(Stored data)

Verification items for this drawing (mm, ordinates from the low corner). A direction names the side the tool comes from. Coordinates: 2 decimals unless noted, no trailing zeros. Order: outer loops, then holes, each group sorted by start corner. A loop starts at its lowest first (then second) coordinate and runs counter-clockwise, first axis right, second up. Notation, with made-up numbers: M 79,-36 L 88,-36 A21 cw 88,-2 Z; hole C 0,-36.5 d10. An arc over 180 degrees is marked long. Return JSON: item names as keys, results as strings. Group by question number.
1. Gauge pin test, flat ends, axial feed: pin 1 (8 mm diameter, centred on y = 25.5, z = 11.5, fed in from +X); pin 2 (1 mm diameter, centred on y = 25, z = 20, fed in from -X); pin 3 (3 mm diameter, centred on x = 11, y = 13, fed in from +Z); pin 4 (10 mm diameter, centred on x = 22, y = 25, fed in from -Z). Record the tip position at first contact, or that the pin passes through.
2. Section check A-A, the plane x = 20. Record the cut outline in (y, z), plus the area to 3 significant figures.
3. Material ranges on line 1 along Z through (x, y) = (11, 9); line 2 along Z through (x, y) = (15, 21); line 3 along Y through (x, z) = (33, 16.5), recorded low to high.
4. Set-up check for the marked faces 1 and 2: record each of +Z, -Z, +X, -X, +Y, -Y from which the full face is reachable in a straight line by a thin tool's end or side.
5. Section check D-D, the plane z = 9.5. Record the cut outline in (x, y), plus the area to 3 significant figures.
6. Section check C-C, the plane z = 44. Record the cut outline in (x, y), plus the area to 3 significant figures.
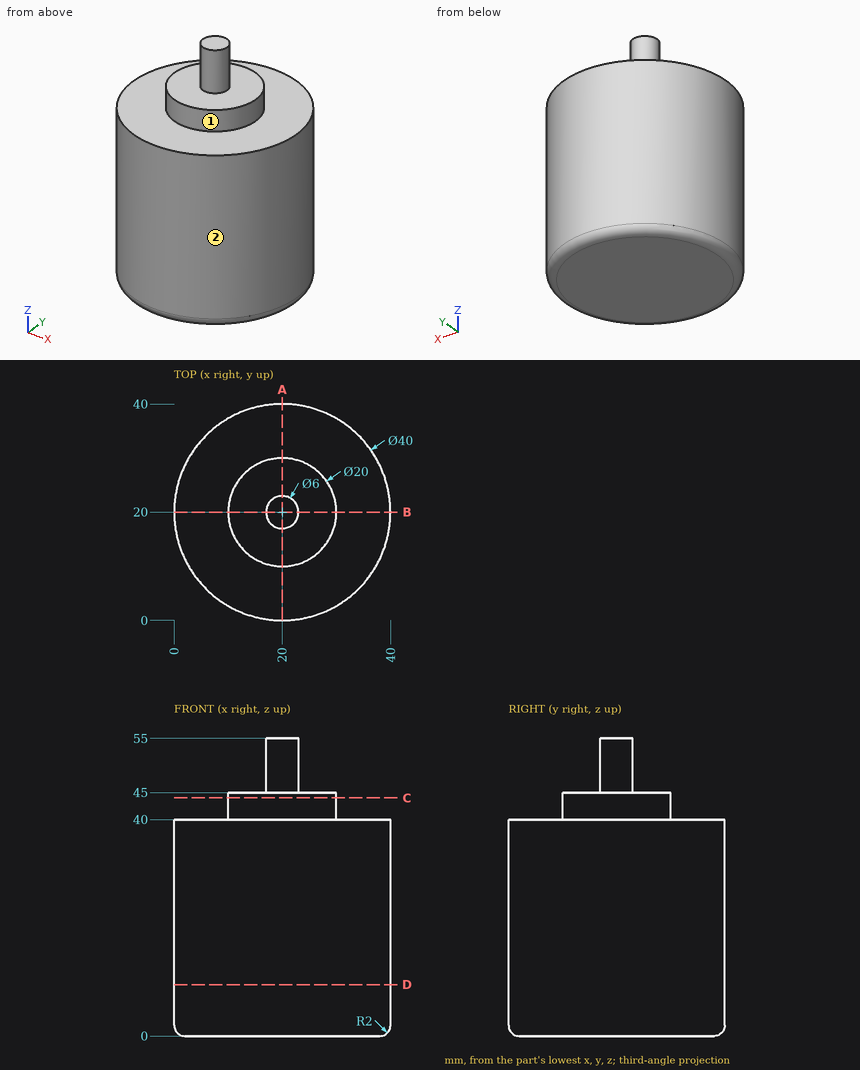
Answers follow:
{
 "1": {"pin 1": "x = 39.94", "pin 2": "x = 0.51", "pin 3": "z = 45", "pin 4": "z = 0"},
 "2": {"outline": "M 0,2 A2 ccw 2,0 L 38,0 A2 ccw 40,2 L 40,40 L 30,40 L 30,45 L 23,45 L 23,55 L 17,55 L 17,45 L 10,45 L 10,40 L 0,40 Z", "area": "1,760 mm^2"},
 "3": {"line 1": "0 to 40", "line 2": "0 to 45", "line 3": "4.8 to 35.2"},
 "4": {"face 1": "+Z", "face 2": "+Z, -Z"},
 "5": {"outline": "C 20,20 d40", "area": "1,260 mm^2"},
 "6": {"outline": "C 20,20 d20", "area": "314 mm^2"}
}

(End Stored data)

▸ **Task item**: Each entry is to be output exactly, and no picture is to appear.

▸ **Problem solution**:
Verification items for this drawing (mm, ordinates from the low corner). A direction names the side the tool comes from. Coordinates: 2 decimals unless noted, no trailing zeros. Order: outer loops, then holes, each group sorted by start corner. A loop starts at its lowest first (then second) coordinate and runs counter-clockwise, first axis right, second up. Notation, with made-up numbers: M 79,-36 L 88,-36 A21 cw 88,-2 Z; hole C 0,-36.5 d10. An arc over 180 degrees is marked long. Return JSON: item names as keys, results as strings. Group by question number.
1. Gauge pin test, flat ends, axial feed: pin 1 (8 mm diameter, centred on y = 25.5, z = 11.5, fed in from +X); pin 2 (1 mm diameter, centred on y = 25, z = 20, fed in from -X); pin 3 (3 mm diameter, centred on x = 11, y = 13, fed in from +Z); pin 4 (10 mm diameter, centred on x = 22, y = 25, fed in from -Z). Record the tip position at first contact, or that the pin passes through.
2. Section check A-A, the plane x = 20. Record the cut outline in (y, z), plus the area to 3 significant figures.
3. Material ranges on line 1 along Z through (x, y) = (11, 9); line 2 along Z through (x, y) = (15, 21); line 3 along Y through (x, z) = (33, 16.5), recorded low to high.
4. Set-up check for the marked faces 1 and 2: record each of +Z, -Z, +X, -X, +Y, -Y from which the full face is reachable in a straight line by a thin tool's end or side.
5. Section check D-D, the plane z = 9.5. Record the cut outline in (x, y), plus the area to 3 significant figures.
6. Section check C-C, the plane z = 44. Record the cut outline in (x, y), plus the area to 3 significant figures.
Answers follow:
{
 "1": {"pin 1": "x = 39.94", "pin 2": "x = 0.51", "pin 3": "z = 45", "pin 4": "z = 0"},
 "2": {"outline": "M 0,2 A2 ccw 2,0 L 38,0 A2 ccw 40,2 L 40,40 L 30,40 L 30,45 L 23,45 L 23,55 L 17,55 L 17,45 L 10,45 L 10,40 L 0,40 Z", "area": "1,760 mm^2"},
 "3": {"line 1": "0 to 40", "line 2": "0 to 45", "line 3": "4.8 to 35.2"},
 "4": {"face 1": "+Z", "face 2": "+Z, -Z"},
 "5": {"outline": "C 20,20 d40", "area": "1,260 mm^2"},
 "6": {"outline": "C 20,20 d20", "area": "314 mm^2"}
}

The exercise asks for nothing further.